DIRECTIONS ::
Nothing in the records below should be altered in the copy, although the pictures must be left out.

[[ RECORDS SHOWN open ]]

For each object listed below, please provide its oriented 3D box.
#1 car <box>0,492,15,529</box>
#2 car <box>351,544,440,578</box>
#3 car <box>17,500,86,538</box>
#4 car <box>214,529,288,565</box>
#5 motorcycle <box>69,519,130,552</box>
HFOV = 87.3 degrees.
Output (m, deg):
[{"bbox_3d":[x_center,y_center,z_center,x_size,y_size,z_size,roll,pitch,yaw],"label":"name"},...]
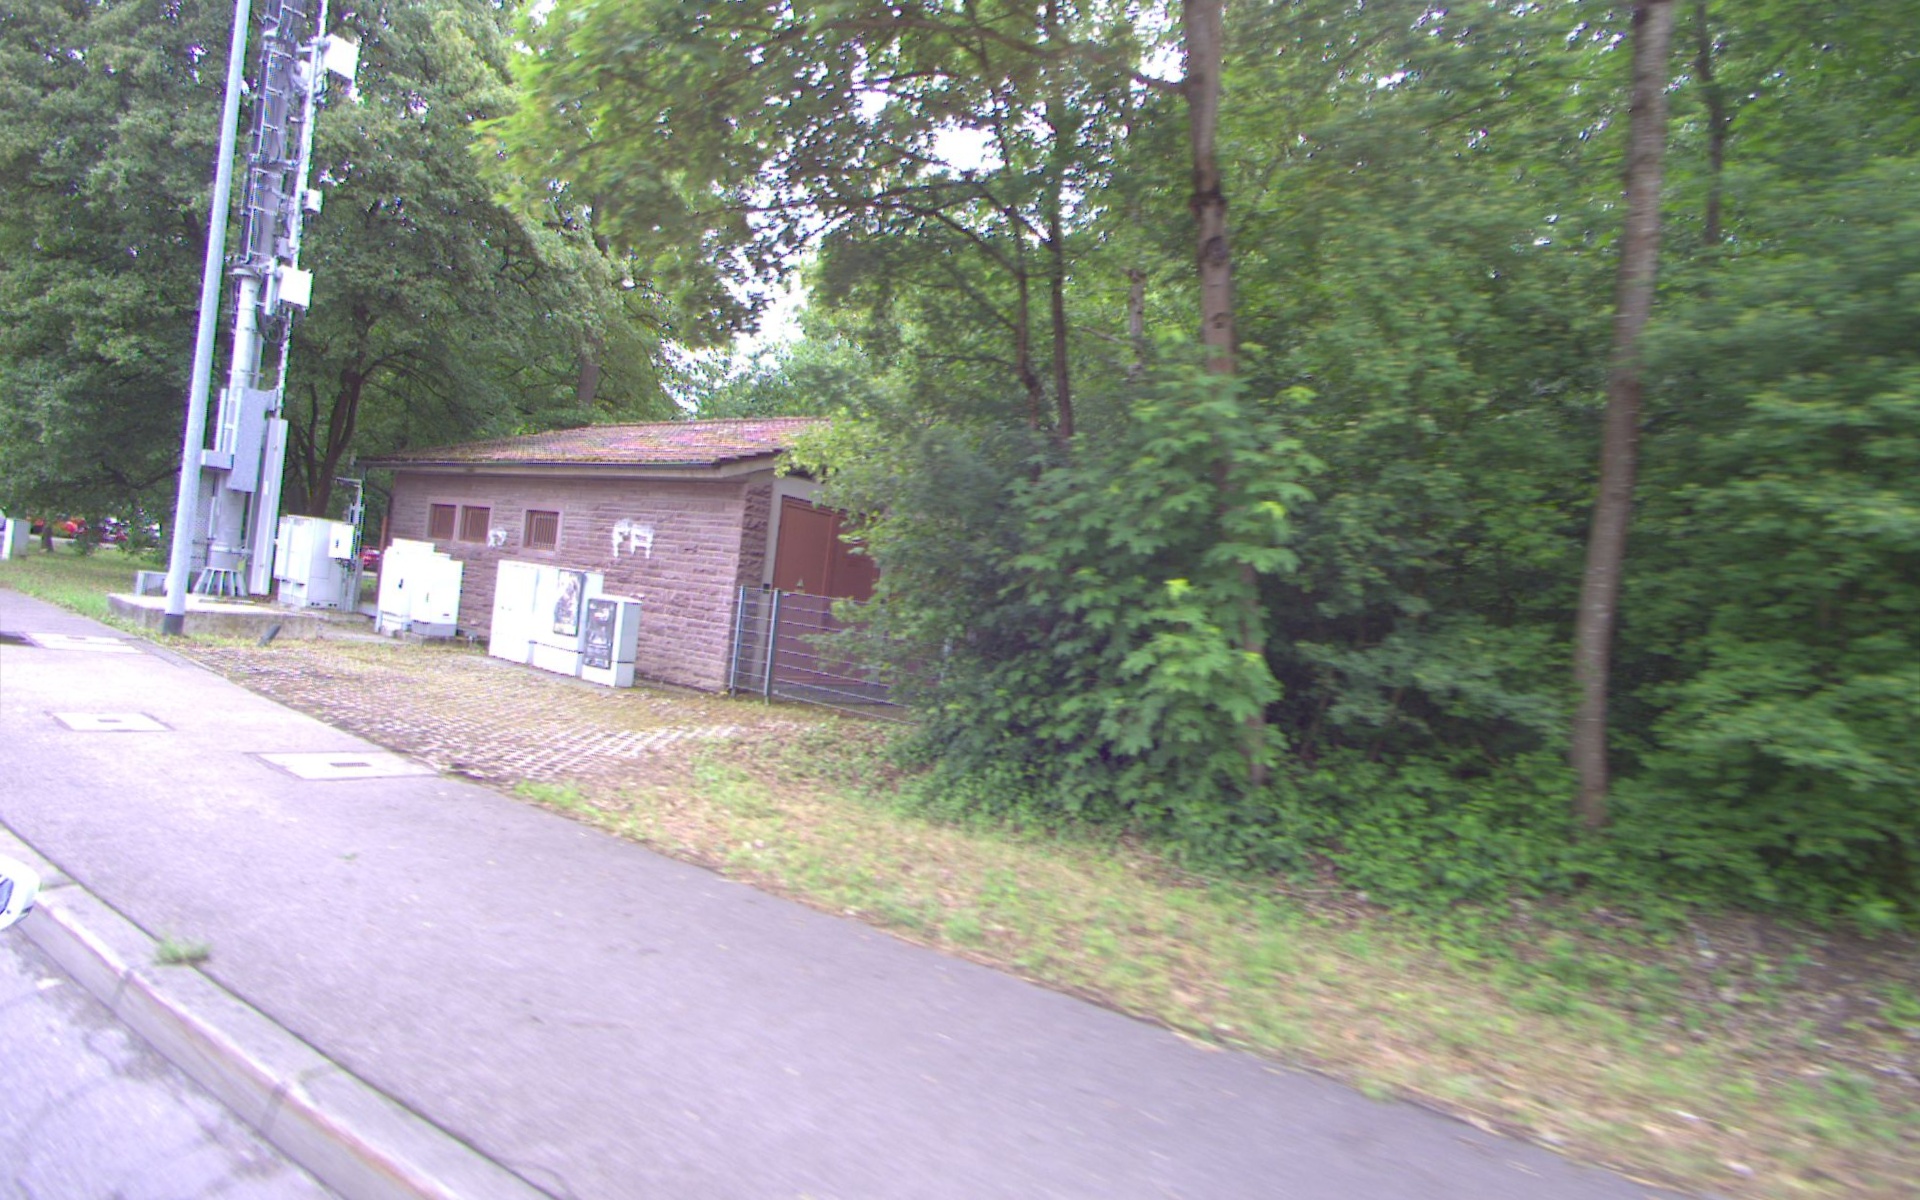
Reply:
[{"bbox_3d":[-41.601,-3.909,42.561,1.825,1.555,3.959,7,-1,-37],"label":"car"},{"bbox_3d":[-30.103,-2.063,53.774,1.535,1.342,3.819,7,-1,31],"label":"car"},{"bbox_3d":[-39.824,-3.547,44.174,1.825,1.342,3.959,7,-1,-37],"label":"car"},{"bbox_3d":[-35.217,-2.643,49.943,3.763,1.342,1.558,6,0,32],"label":"car"},{"bbox_3d":[-35.343,-2.653,41.340,1.822,1.070,0.607,8,-1,-44],"label":"motorcycle"}]

[[ RECORDS SHOWN closed ]]

SOLUTION FOR THIS TASK ::
For each object listed below, please provide its oriented 3D box.
#1 car <box>0,492,15,529</box>
#2 car <box>351,544,440,578</box>
#3 car <box>17,500,86,538</box>
#4 car <box>214,529,288,565</box>
#5 motorcycle <box>69,519,130,552</box>
HFOV = 87.3 degrees.
Output (m, deg):
[{"bbox_3d":[x_center,y_center,z_center,x_size,y_size,z_size,roll,pitch,yaw],"label":"name"},...]
Reply:
[{"bbox_3d":[-41.601,-3.909,42.561,1.825,1.555,3.959,7,-1,-37],"label":"car"},{"bbox_3d":[-30.103,-2.063,53.774,1.535,1.342,3.819,7,-1,31],"label":"car"},{"bbox_3d":[-39.824,-3.547,44.174,1.825,1.342,3.959,7,-1,-37],"label":"car"},{"bbox_3d":[-35.217,-2.643,49.943,3.763,1.342,1.558,6,0,32],"label":"car"},{"bbox_3d":[-35.343,-2.653,41.340,1.822,1.070,0.607,8,-1,-44],"label":"motorcycle"}]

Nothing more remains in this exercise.